[Records excerpted from a collection]
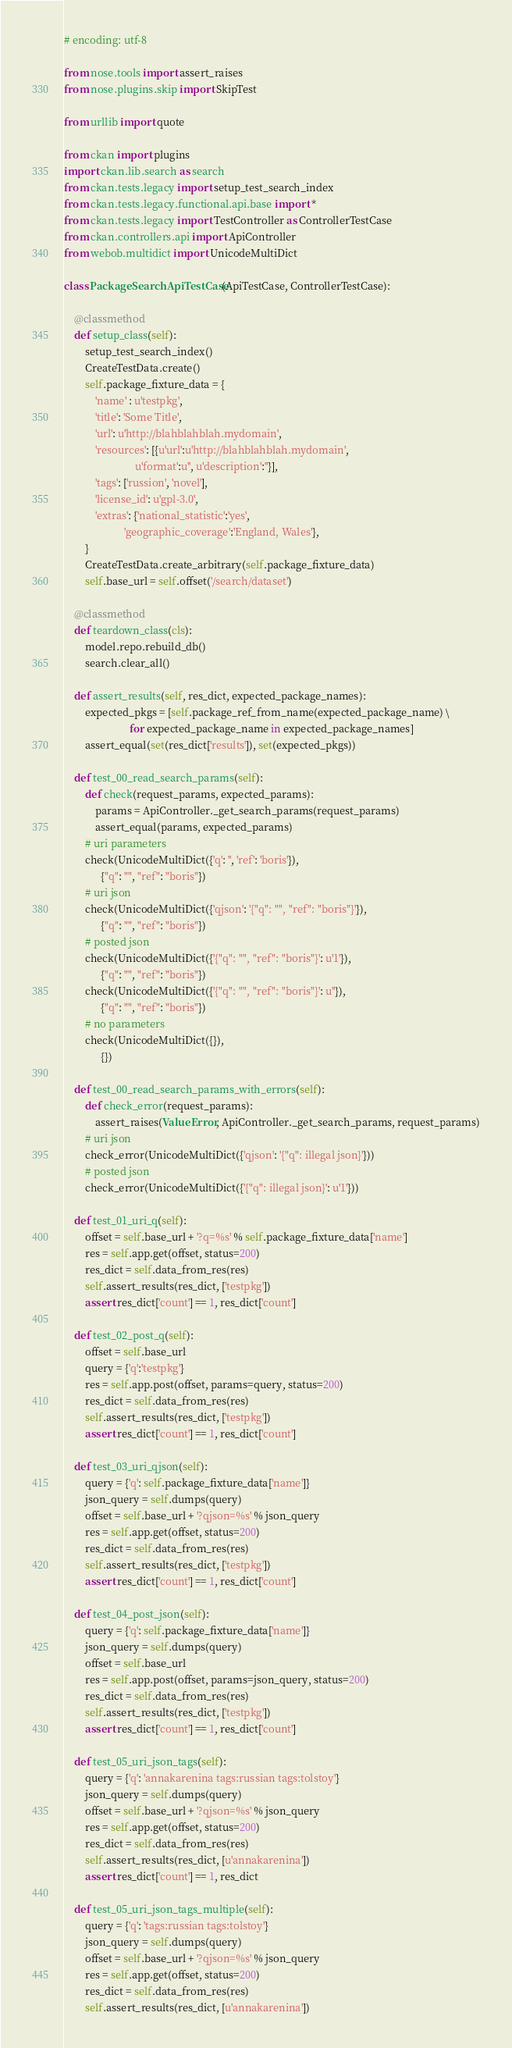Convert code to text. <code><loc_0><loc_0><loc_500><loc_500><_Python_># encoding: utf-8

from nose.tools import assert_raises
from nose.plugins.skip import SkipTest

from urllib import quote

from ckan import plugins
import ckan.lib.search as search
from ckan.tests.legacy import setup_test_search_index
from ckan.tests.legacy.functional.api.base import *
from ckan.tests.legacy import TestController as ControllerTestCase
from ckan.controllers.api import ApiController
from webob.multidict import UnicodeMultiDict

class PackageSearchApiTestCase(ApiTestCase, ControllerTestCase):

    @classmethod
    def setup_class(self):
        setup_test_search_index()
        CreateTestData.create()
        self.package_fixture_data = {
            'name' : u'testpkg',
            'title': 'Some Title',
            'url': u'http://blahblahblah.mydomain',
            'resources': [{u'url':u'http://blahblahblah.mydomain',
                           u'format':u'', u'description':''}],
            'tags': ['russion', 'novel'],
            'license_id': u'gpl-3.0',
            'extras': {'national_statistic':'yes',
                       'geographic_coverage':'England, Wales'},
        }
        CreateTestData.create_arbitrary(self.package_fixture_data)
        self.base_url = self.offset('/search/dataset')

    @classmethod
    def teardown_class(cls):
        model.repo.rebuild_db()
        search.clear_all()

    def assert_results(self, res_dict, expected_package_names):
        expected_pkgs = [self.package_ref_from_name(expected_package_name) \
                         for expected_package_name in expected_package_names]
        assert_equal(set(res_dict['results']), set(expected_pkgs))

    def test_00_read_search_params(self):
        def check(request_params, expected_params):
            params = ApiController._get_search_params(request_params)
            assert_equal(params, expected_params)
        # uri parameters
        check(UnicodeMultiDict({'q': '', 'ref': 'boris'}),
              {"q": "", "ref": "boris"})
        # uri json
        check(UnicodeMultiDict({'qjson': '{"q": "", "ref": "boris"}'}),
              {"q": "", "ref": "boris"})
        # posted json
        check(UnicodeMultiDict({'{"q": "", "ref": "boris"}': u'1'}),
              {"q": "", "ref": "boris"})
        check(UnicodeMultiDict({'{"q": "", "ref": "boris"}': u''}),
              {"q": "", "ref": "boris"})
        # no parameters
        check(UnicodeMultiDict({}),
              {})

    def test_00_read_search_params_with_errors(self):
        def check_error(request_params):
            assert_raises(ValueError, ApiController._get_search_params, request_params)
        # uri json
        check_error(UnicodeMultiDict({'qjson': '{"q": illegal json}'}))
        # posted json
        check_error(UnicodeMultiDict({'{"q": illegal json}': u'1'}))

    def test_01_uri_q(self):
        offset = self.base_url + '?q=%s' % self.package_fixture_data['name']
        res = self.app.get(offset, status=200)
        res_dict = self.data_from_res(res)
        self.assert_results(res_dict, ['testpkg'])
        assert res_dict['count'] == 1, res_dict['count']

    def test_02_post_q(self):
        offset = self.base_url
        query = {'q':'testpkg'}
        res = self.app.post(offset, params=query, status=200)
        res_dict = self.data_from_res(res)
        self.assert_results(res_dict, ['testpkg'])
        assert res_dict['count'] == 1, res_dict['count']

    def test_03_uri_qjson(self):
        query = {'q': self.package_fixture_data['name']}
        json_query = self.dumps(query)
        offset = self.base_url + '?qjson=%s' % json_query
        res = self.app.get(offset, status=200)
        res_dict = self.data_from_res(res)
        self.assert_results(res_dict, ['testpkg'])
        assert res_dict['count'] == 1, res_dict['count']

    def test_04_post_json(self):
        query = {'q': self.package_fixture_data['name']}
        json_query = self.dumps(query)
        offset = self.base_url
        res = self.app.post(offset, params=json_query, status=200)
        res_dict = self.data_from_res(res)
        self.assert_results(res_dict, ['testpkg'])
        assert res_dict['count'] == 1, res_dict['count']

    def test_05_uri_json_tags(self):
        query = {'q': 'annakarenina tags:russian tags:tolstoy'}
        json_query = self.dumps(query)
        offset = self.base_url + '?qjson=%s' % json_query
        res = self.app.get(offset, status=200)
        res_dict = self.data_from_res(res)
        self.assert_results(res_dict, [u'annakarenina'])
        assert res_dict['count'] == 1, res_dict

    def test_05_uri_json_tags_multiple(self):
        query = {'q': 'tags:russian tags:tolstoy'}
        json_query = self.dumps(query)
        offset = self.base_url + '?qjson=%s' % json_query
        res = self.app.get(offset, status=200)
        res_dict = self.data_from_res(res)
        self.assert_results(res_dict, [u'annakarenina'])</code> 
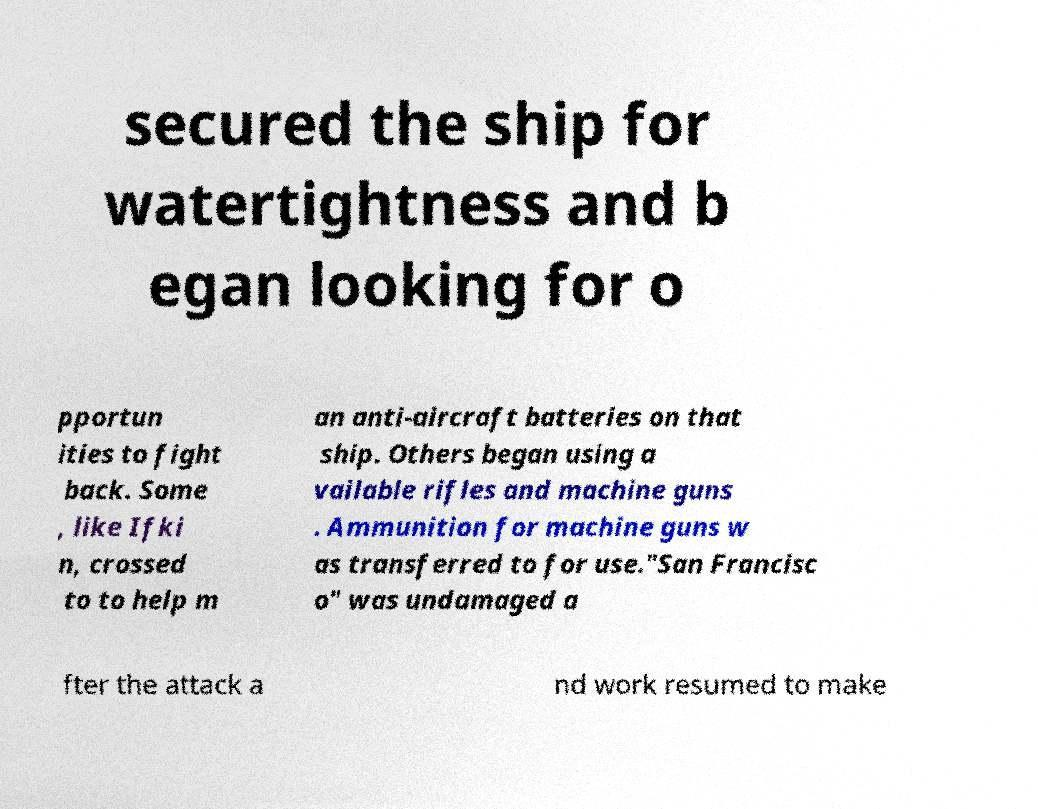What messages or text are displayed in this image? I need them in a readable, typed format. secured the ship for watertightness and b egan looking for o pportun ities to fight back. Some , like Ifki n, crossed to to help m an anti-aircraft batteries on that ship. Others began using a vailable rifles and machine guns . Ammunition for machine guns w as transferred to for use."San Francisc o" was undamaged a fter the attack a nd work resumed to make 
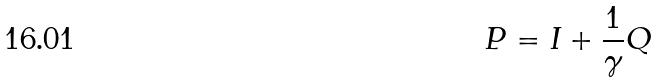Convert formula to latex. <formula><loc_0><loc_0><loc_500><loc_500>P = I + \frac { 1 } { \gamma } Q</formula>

**Exercise requirements**.
Word for word, please reproduce each entry above and leave out every picture.

**Result for this task**.
Convert code to text. <code><loc_0><loc_0><loc_500><loc_500><_Python_># encoding: utf-8

from nose.tools import assert_raises
from nose.plugins.skip import SkipTest

from urllib import quote

from ckan import plugins
import ckan.lib.search as search
from ckan.tests.legacy import setup_test_search_index
from ckan.tests.legacy.functional.api.base import *
from ckan.tests.legacy import TestController as ControllerTestCase
from ckan.controllers.api import ApiController
from webob.multidict import UnicodeMultiDict

class PackageSearchApiTestCase(ApiTestCase, ControllerTestCase):

    @classmethod
    def setup_class(self):
        setup_test_search_index()
        CreateTestData.create()
        self.package_fixture_data = {
            'name' : u'testpkg',
            'title': 'Some Title',
            'url': u'http://blahblahblah.mydomain',
            'resources': [{u'url':u'http://blahblahblah.mydomain',
                           u'format':u'', u'description':''}],
            'tags': ['russion', 'novel'],
            'license_id': u'gpl-3.0',
            'extras': {'national_statistic':'yes',
                       'geographic_coverage':'England, Wales'},
        }
        CreateTestData.create_arbitrary(self.package_fixture_data)
        self.base_url = self.offset('/search/dataset')

    @classmethod
    def teardown_class(cls):
        model.repo.rebuild_db()
        search.clear_all()

    def assert_results(self, res_dict, expected_package_names):
        expected_pkgs = [self.package_ref_from_name(expected_package_name) \
                         for expected_package_name in expected_package_names]
        assert_equal(set(res_dict['results']), set(expected_pkgs))

    def test_00_read_search_params(self):
        def check(request_params, expected_params):
            params = ApiController._get_search_params(request_params)
            assert_equal(params, expected_params)
        # uri parameters
        check(UnicodeMultiDict({'q': '', 'ref': 'boris'}),
              {"q": "", "ref": "boris"})
        # uri json
        check(UnicodeMultiDict({'qjson': '{"q": "", "ref": "boris"}'}),
              {"q": "", "ref": "boris"})
        # posted json
        check(UnicodeMultiDict({'{"q": "", "ref": "boris"}': u'1'}),
              {"q": "", "ref": "boris"})
        check(UnicodeMultiDict({'{"q": "", "ref": "boris"}': u''}),
              {"q": "", "ref": "boris"})
        # no parameters
        check(UnicodeMultiDict({}),
              {})

    def test_00_read_search_params_with_errors(self):
        def check_error(request_params):
            assert_raises(ValueError, ApiController._get_search_params, request_params)
        # uri json
        check_error(UnicodeMultiDict({'qjson': '{"q": illegal json}'}))
        # posted json
        check_error(UnicodeMultiDict({'{"q": illegal json}': u'1'}))

    def test_01_uri_q(self):
        offset = self.base_url + '?q=%s' % self.package_fixture_data['name']
        res = self.app.get(offset, status=200)
        res_dict = self.data_from_res(res)
        self.assert_results(res_dict, ['testpkg'])
        assert res_dict['count'] == 1, res_dict['count']

    def test_02_post_q(self):
        offset = self.base_url
        query = {'q':'testpkg'}
        res = self.app.post(offset, params=query, status=200)
        res_dict = self.data_from_res(res)
        self.assert_results(res_dict, ['testpkg'])
        assert res_dict['count'] == 1, res_dict['count']

    def test_03_uri_qjson(self):
        query = {'q': self.package_fixture_data['name']}
        json_query = self.dumps(query)
        offset = self.base_url + '?qjson=%s' % json_query
        res = self.app.get(offset, status=200)
        res_dict = self.data_from_res(res)
        self.assert_results(res_dict, ['testpkg'])
        assert res_dict['count'] == 1, res_dict['count']

    def test_04_post_json(self):
        query = {'q': self.package_fixture_data['name']}
        json_query = self.dumps(query)
        offset = self.base_url
        res = self.app.post(offset, params=json_query, status=200)
        res_dict = self.data_from_res(res)
        self.assert_results(res_dict, ['testpkg'])
        assert res_dict['count'] == 1, res_dict['count']

    def test_05_uri_json_tags(self):
        query = {'q': 'annakarenina tags:russian tags:tolstoy'}
        json_query = self.dumps(query)
        offset = self.base_url + '?qjson=%s' % json_query
        res = self.app.get(offset, status=200)
        res_dict = self.data_from_res(res)
        self.assert_results(res_dict, [u'annakarenina'])
        assert res_dict['count'] == 1, res_dict

    def test_05_uri_json_tags_multiple(self):
        query = {'q': 'tags:russian tags:tolstoy'}
        json_query = self.dumps(query)
        offset = self.base_url + '?qjson=%s' % json_query
        res = self.app.get(offset, status=200)
        res_dict = self.data_from_res(res)
        self.assert_results(res_dict, [u'annakarenina'])</code> 
What messages or text are displayed in this image? I need them in a readable, typed format. secured the ship for watertightness and b egan looking for o pportun ities to fight back. Some , like Ifki n, crossed to to help m an anti-aircraft batteries on that ship. Others began using a vailable rifles and machine guns . Ammunition for machine guns w as transferred to for use."San Francisc o" was undamaged a fter the attack a nd work resumed to make 
Convert formula to latex. <formula><loc_0><loc_0><loc_500><loc_500>P = I + \frac { 1 } { \gamma } Q</formula>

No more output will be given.